Further, as illustrated in FIG. 2, the medical imaging system 16 may also include a display 48 and a user interface 50. However, in certain embodiments, such as in a touch screen, the display 48 and the user interface 50 may overlap. Also, in some embodiments, the display 48 and the user interface 50 may include a common area. In accordance with aspects of the present technique, the display 48 of the medical imaging system 16 may be configured to display an image generated by the medical imaging system 16 based on the image data acquired via the image acquisition device 14.

In addition, the user interface 50 of the medical imaging system 16 may include a human interface device (not shown) configured to aid the clinician in manipulating image data displayed on the display 48. The human interface device may include a mouse-type device, a trackball, a joystick, a stylus, or a touch screen configured to aid the clinician in the identification of the one or more regions of interest requiring treatment, for instance. However, as will be appreciated, other human interface devices, such as, but not limited to, a touch screen, may also be employed. Furthermore, the user interface 50 may also be configured to aid the clinician in navigating through the images acquired by the medical imaging system 16. Additionally, the user interface 50 may also be configured to aid in manipulating and/or organizing the images displayed on the display 48.

As previously noted with reference to FIG. 2, the images may be stored in the local data repository 46. With returning reference to FIG. 1, it may be also be desirable to store the image data acquired via the medical imaging system 16 in a database, for example. Accordingly, the image data acquired and processed by the medical imaging system 16 may be communicated to a first storage 20. In a presently contemplated configuration, the first storage 20 may include a data storage system.
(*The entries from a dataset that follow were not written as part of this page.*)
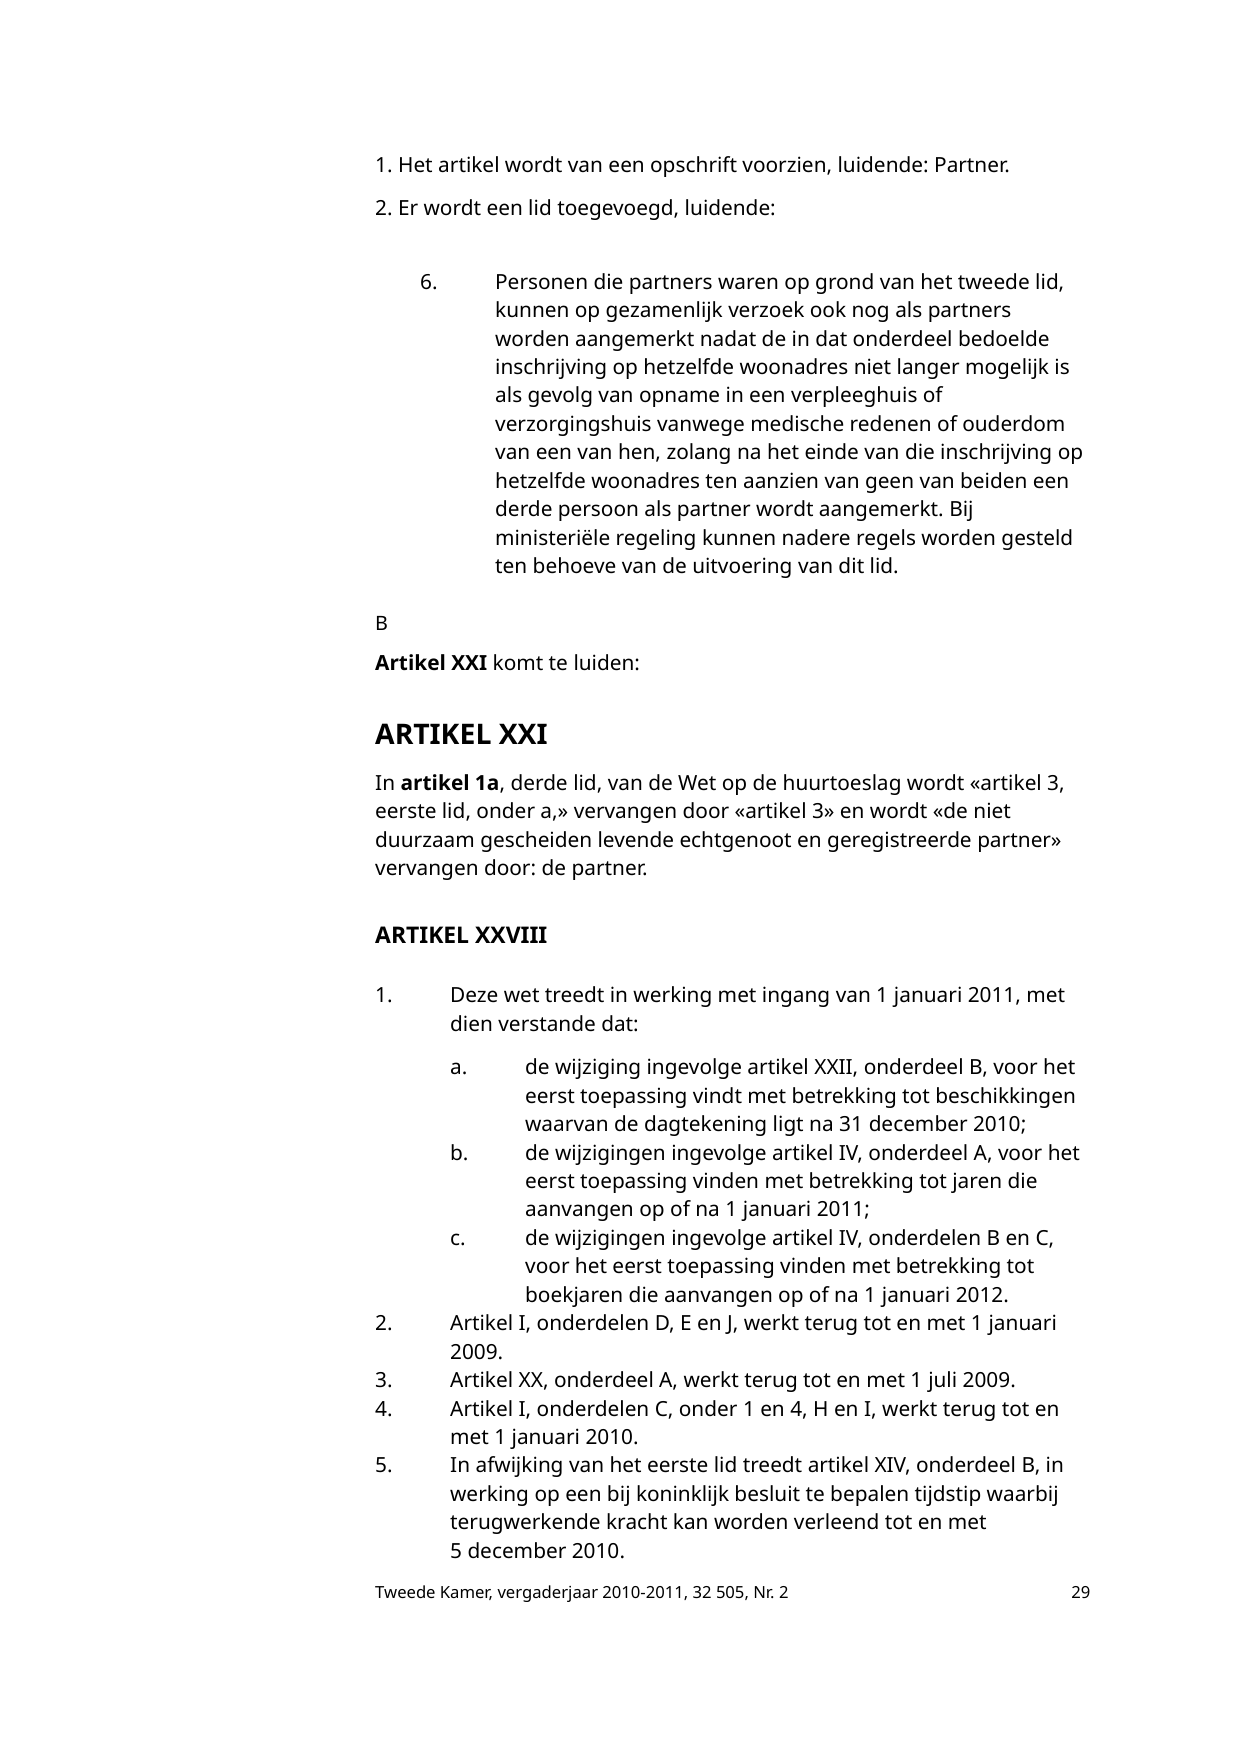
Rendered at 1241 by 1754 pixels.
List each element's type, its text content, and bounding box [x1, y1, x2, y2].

text In artikel 1a, derde lid, van de Wet op de huurtoeslag wordt «artikel 3, eerste lid, onder a,» vervangen door «artikel 3» en wordt «de niet duurzaam gescheiden levende echtgenoot en geregistreerde partner» vervangen door: de partner. [375, 768, 1090, 882]
list Artikel XX, onderdeel A, werkt terug tot en met 1 juli 2009. [375, 1365, 1090, 1394]
text 2. Er wordt een lid toegevoegd, luidende: [375, 193, 1090, 222]
list de wijzigingen ingevolge artikel IV, onderdelen B en C, voor het eerst toepassing vinden met betrekking tot boekjaren die aanvangen op of na 1 januari 2012. [450, 1223, 1090, 1308]
list In afwijking van het eerste lid treedt artikel XIV, onderdeel B, in werking op een bij koninklijk besluit te bepalen tijdstip waarbij terugwerkende kracht kan worden verleend tot en met 5 december 2010. [375, 1451, 1090, 1564]
list de wijzigingen ingevolge artikel IV, onderdeel A, voor het eerst toepassing vinden met betrekking tot jaren die aanvangen op of na 1 januari 2011; [450, 1138, 1090, 1223]
text Artikel XXI komt te luiden: [375, 648, 1090, 677]
list Deze wet treedt in werking met ingang van 1 januari 2011, met dien verstande dat: [375, 981, 1090, 1037]
text B [375, 610, 1090, 637]
list de wijziging ingevolge artikel XXII, onderdeel B, voor het eerst toepassing vindt met betrekking tot beschikkingen waarvan de dagtekening ligt na 31 december 2010; [450, 1052, 1090, 1138]
list Artikel I, onderdelen C, onder 1 en 4, H en I, werkt terug tot en met 1 januari 2010. [375, 1394, 1090, 1451]
subtitle ARTIKEL XXI [375, 714, 1090, 753]
text 1. Het artikel wordt van een opschrift voorzien, luidende: Partner. [375, 150, 1090, 178]
subtitle ARTIKEL XXVIII [375, 919, 1090, 951]
list Personen die partners waren op grond van het tweede lid, kunnen op gezamenlijk verzoek ook nog als partners worden aangemerkt nadat de in dat onderdeel bedoelde inschrijving op hetzelfde woonadres niet langer mogelijk is als gevolg van opname in een verpleeghuis of verzorgingshuis vanwege medische redenen of ouderdom van een van hen, zolang na het einde van die inschrijving op hetzelfde woonadres ten aanzien van geen van beiden een derde persoon als partner wordt aangemerkt. Bij ministeriële regeling kunnen nadere regels worden gesteld ten behoeve van de uitvoering van dit lid. [420, 267, 1090, 580]
list Artikel I, onderdelen D, E en J, werkt terug tot en met 1 januari 2009. [375, 1308, 1090, 1365]

Also, in one embodiment, the data storage system 20 may be at a location that is physically remote from the location of the medical imaging system 16. However, as will be appreciated, in certain embodiments, the data storage system 20 may be disposed in substantially close proximity to the medical imaging system 16.

Moreover, in one embodiment, the image data acquired and/or processed by the medical imaging system 16 may be communicated to the data storage system 20 via a network 18. It may be noted that other means of communication, such as, but not limited to, the Internet, the intranet, or wireless communication may also be employed to transmit the image files from the medical imaging system 16 to the data storage system 20. Furthermore, in one embodiment, the image data may be transmitted to the data storage system 20 in real-time. Alternatively, the image data may be temporarily stored in a temporary storage, such as the local data repository 46 (see FIG. 2) and communicated to the data storage system 20 at a later time.

Further, in one embodiment, the data storage system 20 may include a data acquisition subsystem 22, where the data acquisition subsystem 22 may be configured to receive the image data transmitted from the medical imaging system 16 via the network 18. The image data received by the data acquisition subsystem 22 may be stored in a data repository 26. In the example illustrated in FIG. 1, the data repository 26 may include a storage subsystem. Also, in one embodiment, the storage subsystem 26 may include an archival site, a database, or an optical data storage article. It may be noted that the optical data storage article may be an optical storage medium, such as a compact disc (CD), a digital versatile disc (DVD), multi-layer structures, such as DVD-5 or DVD-9, multi-sided structures, such as DVD-10 or DVD-18, a high definition digital versatile disc (HD-DVD), a Blu-ray disc, a near field optical storage disc, a holographic storage medium, or another like volumetric optical storage medium, such as, for example, two-photon or multi-photon absorption storage format.

In accordance with exemplary aspects of the present technique, the diagnostic system 10 may also include a file saving platform 24, where the file saving platform 24 may be configured to aid in saving of the image data in the storage subsystem 26. More particularly, the file saving platform 24 may be configured to generate a reference pointer to each of the one or more images received by the data acquisition system 22. Additionally, the file saving platform 24 may also be configured to save the one or more images in a first portion of the storage subsystem 26, while the reference pointers corresponding to the one or more images may be stored in a second portion of the storage subsystem 26. The working of the file saving platform 24 will be explained in greater detail with reference to FIGS. 3-6.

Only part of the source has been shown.